Japan’s finance minister has called on cryptocurrency exchanges to strengthen their cybersecurity posture and standards following the $530 million hack of XEM tokens from Tokyo-based exchange Coincheck.
Speaking to reporters after a cabinet meeting on Tuesday, Japanese finance minister Taro Aso demanded the strengthening of management systems at domestic cryptocurrency exchanges while urging regulators to “appropriately monitor” the ecosystem to protect consumers.
“It was a matter of great regret that illicit access caused a massive cryptocurrency outflow from Coincheck on Friday,” Aso told reporters, as reported by Reuters.
He went on to add:
“The Financial Services Agency [Japan’s financial regulator] must appropriately monitor cryptocurrency traders to protect users. We will appropriately weigh the balance between promotion of innovation and protection of users in (supervising) cryptocurrency exchanges.

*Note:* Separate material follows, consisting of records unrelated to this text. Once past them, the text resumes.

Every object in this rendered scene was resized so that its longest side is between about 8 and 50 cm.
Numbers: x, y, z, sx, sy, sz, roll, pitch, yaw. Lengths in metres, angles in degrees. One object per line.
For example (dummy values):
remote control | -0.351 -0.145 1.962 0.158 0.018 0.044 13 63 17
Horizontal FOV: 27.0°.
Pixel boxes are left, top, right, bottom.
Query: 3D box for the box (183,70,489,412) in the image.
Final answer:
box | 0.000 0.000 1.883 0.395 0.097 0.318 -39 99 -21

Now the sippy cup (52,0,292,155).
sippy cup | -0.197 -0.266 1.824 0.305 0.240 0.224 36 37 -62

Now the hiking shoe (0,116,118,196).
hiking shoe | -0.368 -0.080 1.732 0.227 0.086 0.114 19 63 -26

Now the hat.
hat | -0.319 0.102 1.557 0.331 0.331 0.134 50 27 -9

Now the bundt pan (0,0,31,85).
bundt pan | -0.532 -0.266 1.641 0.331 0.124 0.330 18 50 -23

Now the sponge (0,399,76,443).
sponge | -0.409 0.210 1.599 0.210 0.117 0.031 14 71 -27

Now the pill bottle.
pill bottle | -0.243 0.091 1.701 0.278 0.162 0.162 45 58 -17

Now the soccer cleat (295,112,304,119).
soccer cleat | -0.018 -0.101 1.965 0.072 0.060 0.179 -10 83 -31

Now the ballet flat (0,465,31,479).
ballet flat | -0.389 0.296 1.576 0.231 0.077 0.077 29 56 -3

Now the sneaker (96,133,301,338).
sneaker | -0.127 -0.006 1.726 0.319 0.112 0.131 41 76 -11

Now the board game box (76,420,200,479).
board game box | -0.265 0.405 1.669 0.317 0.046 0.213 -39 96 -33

Aso, who also serves as Japan’s financial services minister, has previously been critical of excessive regulation on cryptocurrencies.

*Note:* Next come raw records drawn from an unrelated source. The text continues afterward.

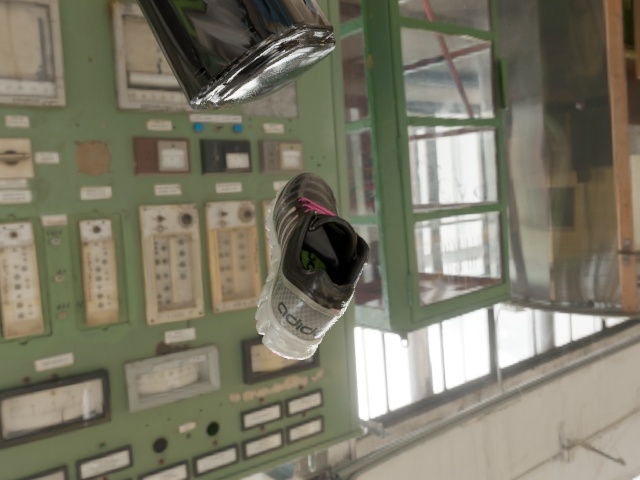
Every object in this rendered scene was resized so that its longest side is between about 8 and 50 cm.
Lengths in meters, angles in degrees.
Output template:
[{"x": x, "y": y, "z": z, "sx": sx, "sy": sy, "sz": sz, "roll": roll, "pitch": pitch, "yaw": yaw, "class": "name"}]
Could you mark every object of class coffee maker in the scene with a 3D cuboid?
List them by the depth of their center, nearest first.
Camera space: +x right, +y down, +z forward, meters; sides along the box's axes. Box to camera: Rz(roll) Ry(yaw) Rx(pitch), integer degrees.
[{"x": -0.088, "y": -0.184, "z": 0.394, "sx": 0.171, "sy": 0.178, "sz": 0.120, "roll": -30, "pitch": -179, "yaw": -39, "class": "coffee maker"}]

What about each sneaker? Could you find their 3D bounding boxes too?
[{"x": 0.000, "y": 0.000, "z": 0.413, "sx": 0.063, "sy": 0.171, "sz": 0.075, "roll": 30, "pitch": 127, "yaw": -20, "class": "sneaker"}]

The finance minister’s remarks follow the FSA’s own statement on Monday where the regulator revealed it would investigate all cryptocurrency exchanges including the possibility of on-site inspections. The FSA has also ordered Coincheck to improve its cybersecurity standards.
As reported previously, Coincheck executives admitted to storing funds in its hot wallet, which was ultimately compromised. Hot wallets are susceptible to unauthorized access, unlike cold wallets that are secure and kept offline. “It was hard for us to manage cold wallets,” Coincheck president Koichiro Wada said in a press conference in the aftermath of the hack, pointing to “technical reasons and understaffing.”

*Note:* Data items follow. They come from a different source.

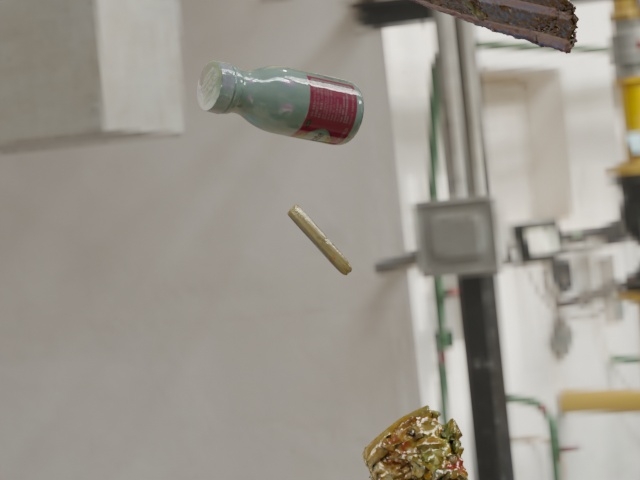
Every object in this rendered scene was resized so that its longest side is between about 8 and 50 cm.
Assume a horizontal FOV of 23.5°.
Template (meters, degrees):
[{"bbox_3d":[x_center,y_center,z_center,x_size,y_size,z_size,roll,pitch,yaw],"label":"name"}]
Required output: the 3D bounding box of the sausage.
[{"bbox_3d":[0.000,0.000,2.329,0.024,0.132,0.024,-42,-5,-4],"label":"sausage"}]

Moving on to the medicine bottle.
[{"bbox_3d":[-0.053,-0.184,2.019,0.216,0.090,0.090,9,-6,-32],"label":"medicine bottle"}]

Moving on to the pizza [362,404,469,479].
[{"bbox_3d":[0.150,0.342,2.167,0.147,0.226,0.069,-17,-30,-5],"label":"pizza"}]

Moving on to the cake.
[{"bbox_3d":[0.187,-0.318,1.823,0.295,0.113,0.116,31,-15,28],"label":"cake"}]

Coincheck also stored the 500 million NEM tokens in a hot wallet without multi-sig security, further underlining its failings as a custodian of customers’ cryptocurrencies.
On Monday, Japan’s primary financial diplomat Masatsugu Asakawa revealed cryptocurrency regulation ‘was likely’ to be discussed among G20 nations’ finance ministers and central bankers in Argentina during this year’s meeting in March.